Air War Over the Putumayo...
...Colombian and Peruvian Air Operations during the 1932-33 Conflict, Helion & Company, via Casemate Books
Title: Air War of the Putumayo
Author: Amaru Tincopa & Santiago Rivas
Publisher: Helion and Company
An 80-page paperback format book, number 7 in the Latin America at War series from Helion Books. Once again it tackles events I knew nothing about before hand, and I wonder how many of us in Europe were aware of this border conflict back in 1932. It deals with what was essentially a border dispute between Colombia and Peru in a region where there was no simple physical guide to where the border was and when as ever, economics drew two sides into confrontation. The bulk of the area under dispute was largely Amazonian jungle which also restricted movement for significant land forces. It led to the greater development and use of aircraft over this inhospitable area, and where the use of the rivers meant a widespread use of float planes.

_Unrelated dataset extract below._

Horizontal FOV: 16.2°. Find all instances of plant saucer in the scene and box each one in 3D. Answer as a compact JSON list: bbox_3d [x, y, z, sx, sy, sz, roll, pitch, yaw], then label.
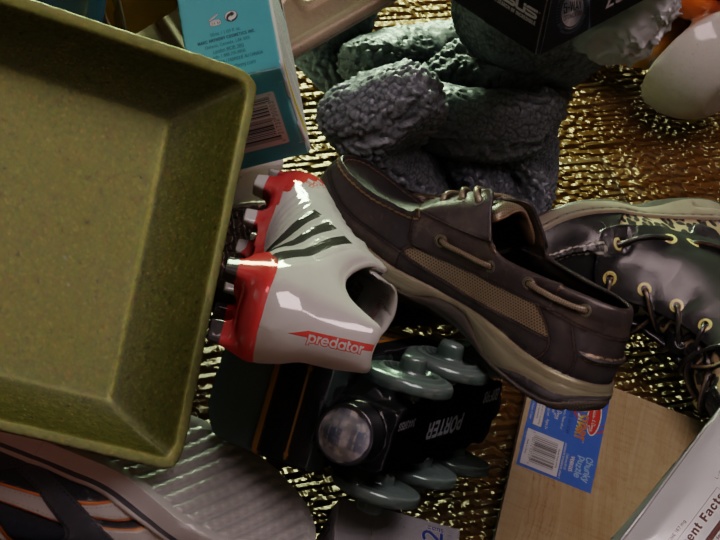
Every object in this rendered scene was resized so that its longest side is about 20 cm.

So, the book starts with an Introduction and part one of the story which sets out the background to the situation that led to the border conflict, with the story of the development of the new Republic of Peru and of Colombia from Neuva Grenada and the events that led to the start of the conflict. Part 2 of the book considers the two opposing sides, which includes the growth of their respective air arms as well as a look at their Orders of Battle for their naval and ground forces. Then we get the story of their initial deployments and the chronological story which details the events that took place during the conflict itself. Fortunately the League of Nations stepped in and was successful in stepping in and finding a solution that both sides were able to accept, before it turned into all out war.
We get an interesting bit of history from the early 1930s and for the aviation historian and modeller, we see an absolutely fascinating selection of archive photos which will be new to pretty much every reader I suspect. The variety of aircraft types from this early era of aviation, where the majority are still biplanes but not entirely. Some we see on conventional wheeled undercarriage but the majority are fitted with floats to operate from the rivers, and there are some boat hulled flying boats as well. The variety of manufacturers is every bit as varied, supplied from the USA, the UK, France Italy and Germany. The most famous I guess will be the Ju 52, on floats. Add maps and 5 pages of fine colour profiles, there is a lot to inspire a modeller to try something a bit different.
Another interesting and informative addition to this series, and again I enjoyed discovering more about a history I hadn't known about beforehand.
Distributed by Casemate Books, who kindly provided my review copy.